Прочитав это впервые, я подумала: неудивительно, что в школе я ненавидела историю больше всего! Она была посвящена исключительно человеческим акторам, как и большинство других предметов: литература, философия, искусство. В конце концов, мы так и называем все это – гуманитарные науки, то есть науки о человеке.

По иронии судьбы, хоть меня никогда и не тянуло к истории, меня мгновенно увлекла эволюция – а ведь это просто история в более длительных масштабах времени. Но это еще и такая история, где позволено играть свои роли другим видам. Вот почему я вообще полюбила естествознание. Не считая большой перемены, когда мы час гуляли, уроки естествознания были единственным постоянным элементом образовательной программы, в котором участвовали какие‐то иные акторы, кроме человека. Мне нравилось изучать микроорганизмы типа амеб, наблюдать, как гусеницы путем метаморфоза превращаются в бабочек. Меня восхищала возможность услышать о фотосинтезе растений и покормить из шприца яркого геккона, которого мы с одноклассниками прозвали Art Gecko[45]. Мой интерес к естественным наукам и в особенности к эволюции окреп на уроках биологии в старших классах, когда я впервые прочла революционную книгу Чарльза Дарвина “Происхождение видов”.

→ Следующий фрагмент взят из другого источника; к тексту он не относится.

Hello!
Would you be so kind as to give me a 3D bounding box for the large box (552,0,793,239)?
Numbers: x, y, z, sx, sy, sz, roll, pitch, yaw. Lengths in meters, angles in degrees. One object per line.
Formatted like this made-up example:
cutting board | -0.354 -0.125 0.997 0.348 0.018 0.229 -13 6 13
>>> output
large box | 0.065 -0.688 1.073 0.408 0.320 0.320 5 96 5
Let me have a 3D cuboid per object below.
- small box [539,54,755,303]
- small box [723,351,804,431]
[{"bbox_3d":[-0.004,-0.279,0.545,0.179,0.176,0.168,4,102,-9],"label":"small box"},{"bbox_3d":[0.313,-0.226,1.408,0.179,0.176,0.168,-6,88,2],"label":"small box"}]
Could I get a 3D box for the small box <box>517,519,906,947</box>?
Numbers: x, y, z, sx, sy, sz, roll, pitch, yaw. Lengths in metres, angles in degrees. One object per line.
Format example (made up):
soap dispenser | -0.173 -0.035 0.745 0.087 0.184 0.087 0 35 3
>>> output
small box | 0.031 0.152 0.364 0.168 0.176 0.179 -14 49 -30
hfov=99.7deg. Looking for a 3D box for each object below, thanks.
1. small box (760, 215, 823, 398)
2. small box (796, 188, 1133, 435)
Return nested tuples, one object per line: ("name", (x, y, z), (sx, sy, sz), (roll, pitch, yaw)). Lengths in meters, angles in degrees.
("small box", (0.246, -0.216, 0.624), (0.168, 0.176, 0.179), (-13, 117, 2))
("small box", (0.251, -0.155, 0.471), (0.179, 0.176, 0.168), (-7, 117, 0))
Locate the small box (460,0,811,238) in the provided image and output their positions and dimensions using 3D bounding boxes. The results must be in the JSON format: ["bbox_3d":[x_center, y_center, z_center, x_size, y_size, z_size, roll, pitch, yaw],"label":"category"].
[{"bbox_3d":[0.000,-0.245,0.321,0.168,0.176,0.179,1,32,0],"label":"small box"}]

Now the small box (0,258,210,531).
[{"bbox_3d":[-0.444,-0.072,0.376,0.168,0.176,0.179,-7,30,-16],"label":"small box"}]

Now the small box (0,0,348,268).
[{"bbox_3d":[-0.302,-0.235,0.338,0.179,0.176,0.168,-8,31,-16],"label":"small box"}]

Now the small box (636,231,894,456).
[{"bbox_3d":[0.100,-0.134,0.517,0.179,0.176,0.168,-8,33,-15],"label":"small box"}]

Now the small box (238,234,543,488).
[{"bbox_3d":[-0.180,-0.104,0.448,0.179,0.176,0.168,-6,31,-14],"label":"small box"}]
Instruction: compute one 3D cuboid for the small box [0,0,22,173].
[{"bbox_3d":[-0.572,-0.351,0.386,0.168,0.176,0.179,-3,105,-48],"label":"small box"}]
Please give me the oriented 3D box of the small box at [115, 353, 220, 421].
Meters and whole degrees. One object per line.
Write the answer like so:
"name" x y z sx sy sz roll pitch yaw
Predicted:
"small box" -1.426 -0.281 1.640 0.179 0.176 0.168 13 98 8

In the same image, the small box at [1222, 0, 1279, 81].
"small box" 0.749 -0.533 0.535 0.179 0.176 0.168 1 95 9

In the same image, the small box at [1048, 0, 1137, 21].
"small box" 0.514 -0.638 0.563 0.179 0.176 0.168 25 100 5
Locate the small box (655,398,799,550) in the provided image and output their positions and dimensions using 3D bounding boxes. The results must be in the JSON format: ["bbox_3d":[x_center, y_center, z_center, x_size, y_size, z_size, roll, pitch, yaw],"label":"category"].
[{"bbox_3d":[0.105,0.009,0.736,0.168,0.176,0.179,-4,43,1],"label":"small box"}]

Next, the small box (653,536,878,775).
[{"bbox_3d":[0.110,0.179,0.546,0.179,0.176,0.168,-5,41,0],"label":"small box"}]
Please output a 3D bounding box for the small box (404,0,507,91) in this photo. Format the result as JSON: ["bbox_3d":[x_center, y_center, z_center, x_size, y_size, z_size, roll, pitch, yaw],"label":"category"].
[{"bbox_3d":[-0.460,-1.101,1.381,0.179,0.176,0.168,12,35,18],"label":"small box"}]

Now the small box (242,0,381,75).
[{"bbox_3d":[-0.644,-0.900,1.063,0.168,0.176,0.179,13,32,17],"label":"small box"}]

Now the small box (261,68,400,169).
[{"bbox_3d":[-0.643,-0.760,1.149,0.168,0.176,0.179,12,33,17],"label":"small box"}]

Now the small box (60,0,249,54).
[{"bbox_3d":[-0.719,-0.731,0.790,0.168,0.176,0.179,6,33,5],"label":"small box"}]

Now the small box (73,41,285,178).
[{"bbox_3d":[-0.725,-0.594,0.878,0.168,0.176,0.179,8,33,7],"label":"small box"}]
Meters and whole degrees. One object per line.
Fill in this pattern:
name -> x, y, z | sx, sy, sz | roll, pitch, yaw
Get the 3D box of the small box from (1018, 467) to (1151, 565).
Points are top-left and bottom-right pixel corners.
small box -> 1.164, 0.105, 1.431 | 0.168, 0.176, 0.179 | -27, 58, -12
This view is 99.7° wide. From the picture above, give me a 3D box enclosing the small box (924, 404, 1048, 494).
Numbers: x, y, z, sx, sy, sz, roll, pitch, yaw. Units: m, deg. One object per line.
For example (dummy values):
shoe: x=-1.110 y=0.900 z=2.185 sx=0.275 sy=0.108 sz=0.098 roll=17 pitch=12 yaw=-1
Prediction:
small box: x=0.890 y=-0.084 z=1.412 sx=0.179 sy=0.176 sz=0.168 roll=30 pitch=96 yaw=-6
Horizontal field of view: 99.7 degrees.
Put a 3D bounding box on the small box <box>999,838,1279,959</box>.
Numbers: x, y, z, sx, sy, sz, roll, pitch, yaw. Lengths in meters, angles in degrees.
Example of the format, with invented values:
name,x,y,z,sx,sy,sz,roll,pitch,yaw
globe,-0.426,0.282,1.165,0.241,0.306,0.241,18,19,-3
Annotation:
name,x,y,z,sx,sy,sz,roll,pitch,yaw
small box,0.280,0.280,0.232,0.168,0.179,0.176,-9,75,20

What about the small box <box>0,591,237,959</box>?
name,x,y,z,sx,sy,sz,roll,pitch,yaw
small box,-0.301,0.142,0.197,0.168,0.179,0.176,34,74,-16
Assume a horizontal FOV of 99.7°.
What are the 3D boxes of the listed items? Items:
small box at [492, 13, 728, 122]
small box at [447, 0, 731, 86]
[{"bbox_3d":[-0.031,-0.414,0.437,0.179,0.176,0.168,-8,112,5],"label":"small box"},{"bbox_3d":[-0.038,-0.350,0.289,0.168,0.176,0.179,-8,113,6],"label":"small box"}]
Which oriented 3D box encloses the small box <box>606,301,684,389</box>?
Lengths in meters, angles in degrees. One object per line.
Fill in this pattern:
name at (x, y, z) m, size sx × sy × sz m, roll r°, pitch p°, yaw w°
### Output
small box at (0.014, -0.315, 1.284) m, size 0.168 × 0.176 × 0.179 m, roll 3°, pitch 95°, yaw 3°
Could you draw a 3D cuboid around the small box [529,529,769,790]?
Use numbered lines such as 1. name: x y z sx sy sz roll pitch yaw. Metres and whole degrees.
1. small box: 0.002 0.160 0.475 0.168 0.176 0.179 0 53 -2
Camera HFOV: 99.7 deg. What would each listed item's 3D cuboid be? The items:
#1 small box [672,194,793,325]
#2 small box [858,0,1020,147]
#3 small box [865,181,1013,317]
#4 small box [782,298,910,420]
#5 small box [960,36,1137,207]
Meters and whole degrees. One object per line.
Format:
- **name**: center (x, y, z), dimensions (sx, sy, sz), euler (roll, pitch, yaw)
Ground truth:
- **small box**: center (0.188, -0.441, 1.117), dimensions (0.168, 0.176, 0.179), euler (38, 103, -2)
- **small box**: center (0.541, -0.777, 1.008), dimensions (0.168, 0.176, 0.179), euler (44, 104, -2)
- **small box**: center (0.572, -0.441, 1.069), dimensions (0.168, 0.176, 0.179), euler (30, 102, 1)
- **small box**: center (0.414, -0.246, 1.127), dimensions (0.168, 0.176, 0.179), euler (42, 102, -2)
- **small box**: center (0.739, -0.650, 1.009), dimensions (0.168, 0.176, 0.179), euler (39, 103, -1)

Когда я узнала о дарвиновской теории эволюции путем естественного отбора, я вновь обрела глубокий взгляд на живую природу – взгляд, который в подростковом возрасте начала забывать, встраиваясь в культуру, сформированную верой в человеческую исключительность. Осознание того, что все виды происходят от общего начала и связаны воедино сложной сетью жизни, наполнило меня глубоким чувством восторга и благодарности. Я все еще ощущаю их всякий раз, когда задумываюсь о том, что вообще являюсь участницей этого священного эксперимента. Эксперимента, в котором вьюрки и светлячки, морские губки и секвойи, гиены и люди – все они обладают историями, переплетенными в глубинах времен. Где даже сама категория “вида” намного более размыта, чем обычно считается[46]. По Дарвину, общность предков на общей планете порождает межвидовые различия количественного, а не качественного характера, непрерывность не только физической формы, но и психологического состава, самого устройства нашего сознания. Во многих своих работах, включая “Происхождение видов”, Дарвин описывает другие виды не как пассивные орудия генов и среды[47]. Он наделяет их богатой внутренней жизнью – даже таких существ, как дождевые черви[48]. Только представьте себе! Он использовал язык, созвучный мне. Он оформлял в слова и теории мой детский опыт сродства со всем живым и уважения к миру природы, подкрепляя его научной достоверностью.

Удивительно, как много дарвиновских принципов выдержали проверку временем. В наши дни эволюция считается важнейшим принципом во всей биологии. В колледже я узнала крылатые слова генетика Феодосия Добржанского: “Ничто в биологии не имеет смысла, кроме как в свете эволюции”[49]. И однако Добржанский знаменит еще и другим (не столь мудрым) высказыванием: “Все виды уникальны, но человек – самый уникальный”[50].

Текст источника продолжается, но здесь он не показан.